2000-01-31    40.664780
2000-02-29    23.207425
2000-03-31    15.320120
Freq: M, Name: arma(0,0), dtype: float64

As we see it counts March as a full month and this biases our results.
The same happens for all the other cases and, therefore, the approach is not really applicable.

This means that we should compute the average holding period with the input frequency and then multiply it by the frequency coefficient which is more or less fixed for all the frequency pairs (`D`/`M` = 1/30, `W`/`Y`=52 etc.)

The same logic is implemented in the current version.

Julia has offered to use the following format to do this:

In [52]:
pd.date_range("2020-01-01", freq='D', periods=1)[-1]

Timestamp('2020-01-01 00:00:00', freq='D')

However, I believe that this approach is sort of biased too.

It does not output the date that is after the number of 1 `freq` datetime, but has it's own indexing and just chooses the date at the end of specified `freq`.
For example:

In [108]:
pd.date_range("2020-01-01", freq="W", periods=1)[-1]

Timestamp('2020-01-05 00:00:00', freq='W-SUN')

In [109]:
pd.date_range("2020-01-04", freq="W", periods=1)[-1]

Timestamp('2020-01-05 00:00:00', freq='W-SUN')

By setting `freq='W'` we did not obtain a date in 7 days from specified.

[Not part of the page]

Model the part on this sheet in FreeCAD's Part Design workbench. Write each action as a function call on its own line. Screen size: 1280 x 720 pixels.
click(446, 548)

Moreover, for different dates in hte input the output is the same. This can bias our calculations and it is much more visible on the other examples:

Same output for `freq='M` and 2 dates in the specified month: 

In [110]:
pd.date_range("2020-01-07", freq="M", periods=1)[-1]

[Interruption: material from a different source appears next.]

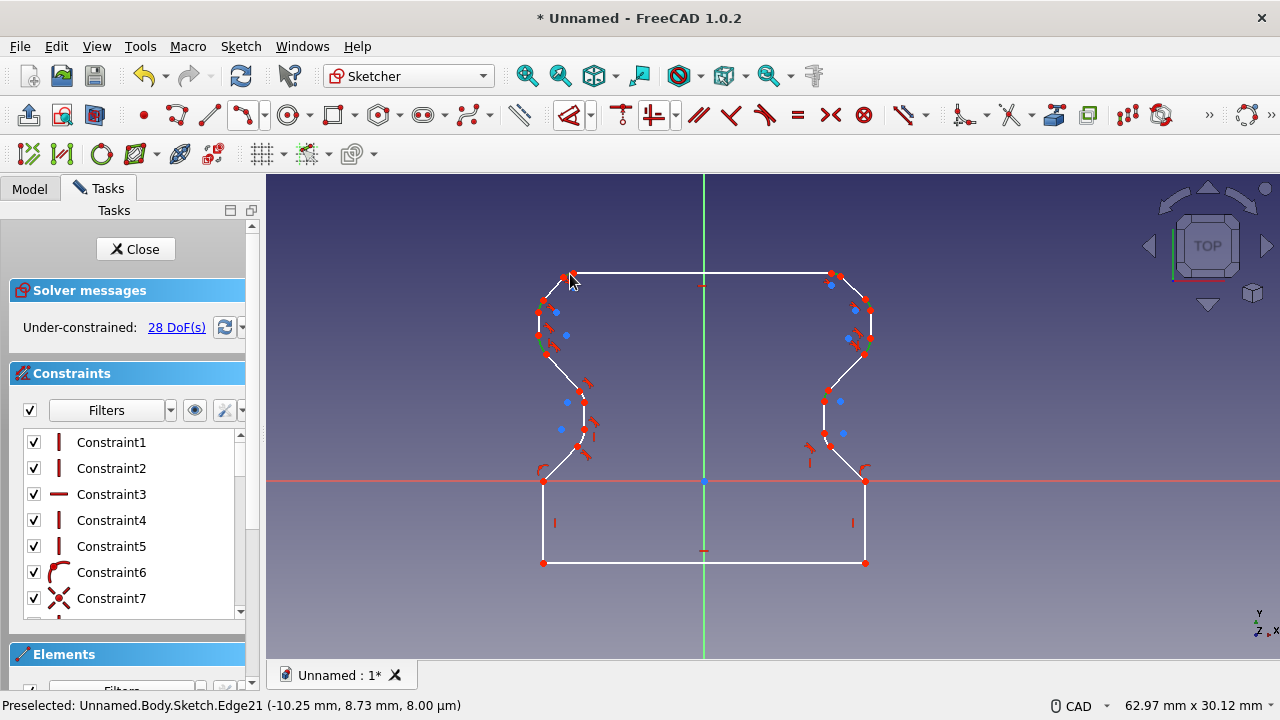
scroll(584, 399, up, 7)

Timestamp('2020-01-31 00:00:00', freq='M')

In [111]:
pd.date_range("2020-01-18", freq="M", periods=1)[-1]

Timestamp('2020-01-31 00:00:00', freq='M')

Same output for `freq='Y` and 2 dates in the specified year: 

In [112]:
pd.date_range("2020-03-07", freq="Y", periods=1)[-1]

Timestamp('2020-12-31 00:00:00', freq='A-DEC')

In [113]:
pd.date_range("2020-09-19", freq="Y", periods=1)[-1]

Timestamp('2020-12-31 00:00:00', freq='A-DEC')

Therefore, both approaches do not satisfy our need.

Here is an alternative: to make a function that will return the ratio of one frequency lenght in time to another.
Simplified example:

In [129]:
def get_freq_coef(freq_1: str, freq_2: str) -> float:
    time_dict = {
        'D': {'D': 1, 'M': 30, 'Y': 365},
        'M': {'D': 1/30, 'M': 1, 'Y':12},
        'Y': {'D': 1/365, 'M':1/12, 'Y':1}
                }
    return time_dict[freq_1][freq_2]

In [130]:
get_freq_coef(freq_1='Y', freq_2='D')

0.0027397260273972603

In [131]:
get_freq_coef(freq_1='D', freq_2='Y')

365

In [132]:
get_freq_coef(freq_1='M', freq_2='Y')

12

In [133]:
get_freq_coef(freq_1='Y', freq_2='M')

0.08333333333333333

Something like this can be created for all the relevant time frequencies and then be used in other cases when we need to convert an amount of days to an amount of month etc.